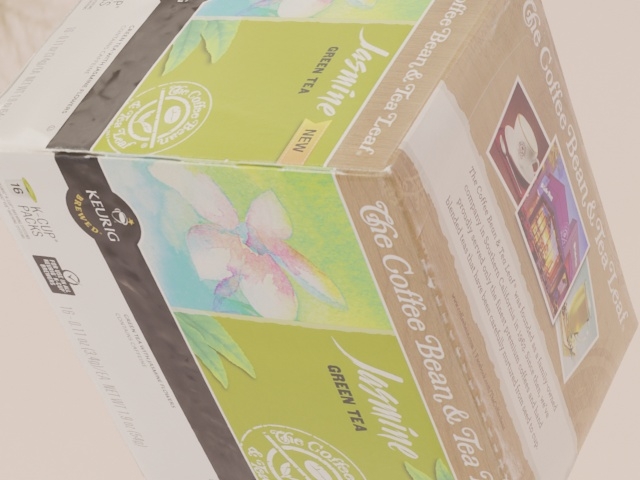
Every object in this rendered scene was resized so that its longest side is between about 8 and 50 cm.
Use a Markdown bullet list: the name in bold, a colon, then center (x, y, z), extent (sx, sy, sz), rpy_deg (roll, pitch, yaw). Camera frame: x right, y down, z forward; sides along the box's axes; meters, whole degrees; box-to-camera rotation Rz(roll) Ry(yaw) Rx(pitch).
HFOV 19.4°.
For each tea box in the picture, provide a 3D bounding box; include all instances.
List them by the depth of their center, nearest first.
- **tea box**: center (0.000, 0.000, 1.245), extent (0.323, 0.329, 0.220), rpy_deg (3, -136, 32)
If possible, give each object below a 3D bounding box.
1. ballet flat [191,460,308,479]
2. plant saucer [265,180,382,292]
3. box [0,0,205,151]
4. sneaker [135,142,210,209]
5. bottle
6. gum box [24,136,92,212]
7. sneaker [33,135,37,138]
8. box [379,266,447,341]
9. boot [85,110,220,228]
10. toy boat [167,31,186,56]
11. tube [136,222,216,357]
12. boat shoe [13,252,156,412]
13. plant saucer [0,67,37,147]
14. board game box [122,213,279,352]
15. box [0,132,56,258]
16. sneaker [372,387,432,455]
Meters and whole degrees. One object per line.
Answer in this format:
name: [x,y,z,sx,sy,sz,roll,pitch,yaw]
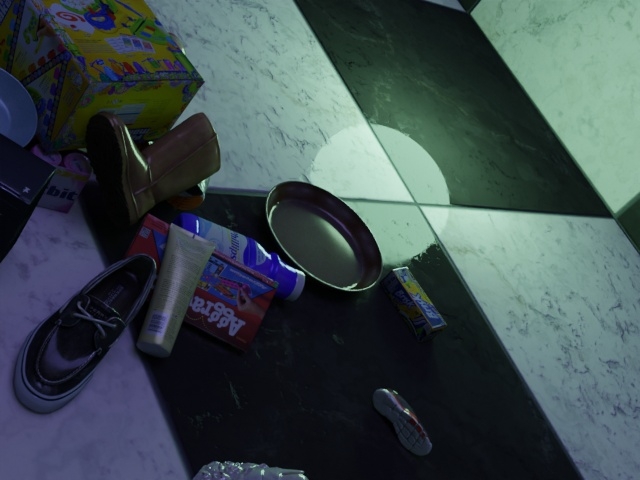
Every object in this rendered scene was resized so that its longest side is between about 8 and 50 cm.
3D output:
ballet flat: [-0.018,0.439,1.592,0.408,0.147,0.147,27,37,-20]
plant saucer: [0.000,0.000,2.168,0.310,0.050,0.311,26,36,-21]
box: [-0.426,-0.333,1.817,0.290,0.177,0.279,-13,62,-53]
sneaker: [-0.336,-0.175,2.006,0.262,0.099,0.121,43,26,-11]
bottle: [-0.165,0.043,1.918,0.282,0.092,0.118,24,36,-25]
gum box: [-0.510,-0.123,1.750,0.188,0.107,0.062,16,42,-33]
sneaker: [-0.566,-0.263,1.881,0.122,0.110,0.283,8,41,-14]
box: [0.208,0.143,2.209,0.059,0.054,0.169,-9,59,-48]
boot: [-0.304,-0.176,1.824,0.089,0.236,0.269,19,39,28]
toy boat: [-0.418,-0.394,2.143,0.151,0.151,0.231,26,21,36]
tube: [-0.258,0.089,1.733,0.070,0.062,0.240,57,40,-51]
boat shoe: [-0.376,0.128,1.582,0.121,0.119,0.335,37,41,-10]
plant saucer: [-0.576,-0.217,1.649,0.195,0.037,0.195,21,51,-28]
board game box: [-0.227,0.080,1.801,0.281,0.027,0.145,29,77,-17]
box: [-0.541,-0.063,1.563,0.153,0.207,0.108,34,36,-11]
sneaker: [0.173,0.351,1.942,0.158,0.061,0.065,52,29,14]
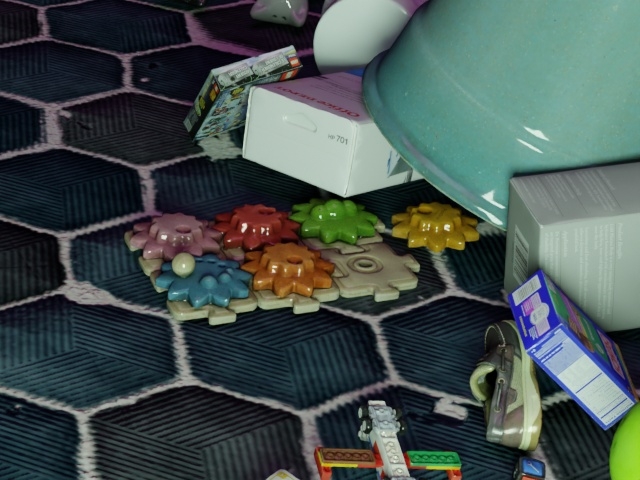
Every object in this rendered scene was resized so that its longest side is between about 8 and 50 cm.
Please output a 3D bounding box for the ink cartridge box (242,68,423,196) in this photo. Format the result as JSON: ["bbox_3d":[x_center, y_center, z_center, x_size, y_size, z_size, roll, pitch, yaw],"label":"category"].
[{"bbox_3d":[0.035,-0.113,1.722,0.140,0.082,0.191,23,25,33],"label":"ink cartridge box"}]

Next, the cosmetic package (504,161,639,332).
[{"bbox_3d":[0.293,0.002,1.515,0.238,0.127,0.107,-7,30,-10],"label":"cosmetic package"}]

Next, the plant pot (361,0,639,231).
[{"bbox_3d":[0.261,-0.217,1.621,0.341,0.334,0.341,21,30,-13],"label":"plant pot"}]

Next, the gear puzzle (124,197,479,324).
[{"bbox_3d":[0.000,0.000,1.577,0.339,0.044,0.175,-7,31,-22],"label":"gear puzzle"}]

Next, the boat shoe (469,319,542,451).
[{"bbox_3d":[0.147,0.113,1.385,0.049,0.056,0.152,7,28,-8],"label":"boat shoe"}]

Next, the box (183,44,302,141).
[{"bbox_3d":[-0.081,-0.150,1.751,0.094,0.137,0.027,-20,78,-22],"label":"box"}]

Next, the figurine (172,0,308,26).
[{"bbox_3d":[-0.083,-0.341,2.166,0.215,0.092,0.209,14,37,13],"label":"figurine"}]

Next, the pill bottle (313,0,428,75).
[{"bbox_3d":[0.092,-0.265,1.959,0.162,0.162,0.278,12,29,13],"label":"pill bottle"}]

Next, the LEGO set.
[{"bbox_3d":[0.063,0.207,1.234,0.182,0.060,0.244,33,38,20],"label":"LEGO set"}]

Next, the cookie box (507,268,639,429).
[{"bbox_3d":[0.208,0.089,1.393,0.107,0.040,0.092,44,18,-24],"label":"cookie box"}]

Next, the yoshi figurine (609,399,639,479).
[{"bbox_3d":[0.338,0.182,1.123,0.362,0.203,0.203,7,32,43],"label":"yoshi figurine"}]

+--

Brief> Word for word, restate the records shown above, minus the pictures.

Solution to this exercise>
Every object in this rendered scene was resized so that its longest side is between about 8 and 50 cm.
Use a Markdown bullet list: the name in bold, a colon, then center (x, y, z), extent (sx, sy, sz), rpy_deg (roll, pitch, yaw). Camera frame: x right, y down, z forward; sides along the box's axes; meters, whole degrees; box-to-camera rotation Rz(roll) Ry(yaw) Rx(pitch).
HFOV 19.4°.
For each tea box in the picture, provide a 3D bounding box; include all instances.
List them by the depth of their center, nearest first.
- **tea box**: center (0.000, 0.000, 1.245), extent (0.323, 0.329, 0.220), rpy_deg (3, -136, 32)
If possible, give each object below a 3D bounding box.
1. ballet flat [191,460,308,479]
2. plant saucer [265,180,382,292]
3. box [0,0,205,151]
4. sneaker [135,142,210,209]
5. bottle
6. gum box [24,136,92,212]
7. sneaker [33,135,37,138]
8. box [379,266,447,341]
9. boot [85,110,220,228]
10. toy boat [167,31,186,56]
11. tube [136,222,216,357]
12. boat shoe [13,252,156,412]
13. plant saucer [0,67,37,147]
14. board game box [122,213,279,352]
15. box [0,132,56,258]
16. sneaker [372,387,432,455]
Meters and whole degrees. One object per line.
Answer in this format:
name: [x,y,z,sx,sy,sz,roll,pitch,yaw]
Every object in this rendered scene was resized so that its longest side is between about 8 and 50 cm.
3D output:
ballet flat: [-0.018,0.439,1.592,0.408,0.147,0.147,27,37,-20]
plant saucer: [0.000,0.000,2.168,0.310,0.050,0.311,26,36,-21]
box: [-0.426,-0.333,1.817,0.290,0.177,0.279,-13,62,-53]
sneaker: [-0.336,-0.175,2.006,0.262,0.099,0.121,43,26,-11]
bottle: [-0.165,0.043,1.918,0.282,0.092,0.118,24,36,-25]
gum box: [-0.510,-0.123,1.750,0.188,0.107,0.062,16,42,-33]
sneaker: [-0.566,-0.263,1.881,0.122,0.110,0.283,8,41,-14]
box: [0.208,0.143,2.209,0.059,0.054,0.169,-9,59,-48]
boot: [-0.304,-0.176,1.824,0.089,0.236,0.269,19,39,28]
toy boat: [-0.418,-0.394,2.143,0.151,0.151,0.231,26,21,36]
tube: [-0.258,0.089,1.733,0.070,0.062,0.240,57,40,-51]
boat shoe: [-0.376,0.128,1.582,0.121,0.119,0.335,37,41,-10]
plant saucer: [-0.576,-0.217,1.649,0.195,0.037,0.195,21,51,-28]
board game box: [-0.227,0.080,1.801,0.281,0.027,0.145,29,77,-17]
box: [-0.541,-0.063,1.563,0.153,0.207,0.108,34,36,-11]
sneaker: [0.173,0.351,1.942,0.158,0.061,0.065,52,29,14]
Every object in this rendered scene was resized so that its longest side is between about 8 and 50 cm.
Please output a 3D bounding box for the ink cartridge box (242,68,423,196) in this photo. Format the result as JSON: ["bbox_3d":[x_center, y_center, z_center, x_size, y_size, z_size, roll, pitch, yaw],"label":"category"].
[{"bbox_3d":[0.035,-0.113,1.722,0.140,0.082,0.191,23,25,33],"label":"ink cartridge box"}]

Next, the cosmetic package (504,161,639,332).
[{"bbox_3d":[0.293,0.002,1.515,0.238,0.127,0.107,-7,30,-10],"label":"cosmetic package"}]

Next, the plant pot (361,0,639,231).
[{"bbox_3d":[0.261,-0.217,1.621,0.341,0.334,0.341,21,30,-13],"label":"plant pot"}]

Next, the gear puzzle (124,197,479,324).
[{"bbox_3d":[0.000,0.000,1.577,0.339,0.044,0.175,-7,31,-22],"label":"gear puzzle"}]

Next, the boat shoe (469,319,542,451).
[{"bbox_3d":[0.147,0.113,1.385,0.049,0.056,0.152,7,28,-8],"label":"boat shoe"}]

Next, the box (183,44,302,141).
[{"bbox_3d":[-0.081,-0.150,1.751,0.094,0.137,0.027,-20,78,-22],"label":"box"}]

Next, the figurine (172,0,308,26).
[{"bbox_3d":[-0.083,-0.341,2.166,0.215,0.092,0.209,14,37,13],"label":"figurine"}]

Next, the pill bottle (313,0,428,75).
[{"bbox_3d":[0.092,-0.265,1.959,0.162,0.162,0.278,12,29,13],"label":"pill bottle"}]

Next, the LEGO set.
[{"bbox_3d":[0.063,0.207,1.234,0.182,0.060,0.244,33,38,20],"label":"LEGO set"}]

Next, the cookie box (507,268,639,429).
[{"bbox_3d":[0.208,0.089,1.393,0.107,0.040,0.092,44,18,-24],"label":"cookie box"}]

Next, the yoshi figurine (609,399,639,479).
[{"bbox_3d":[0.338,0.182,1.123,0.362,0.203,0.203,7,32,43],"label":"yoshi figurine"}]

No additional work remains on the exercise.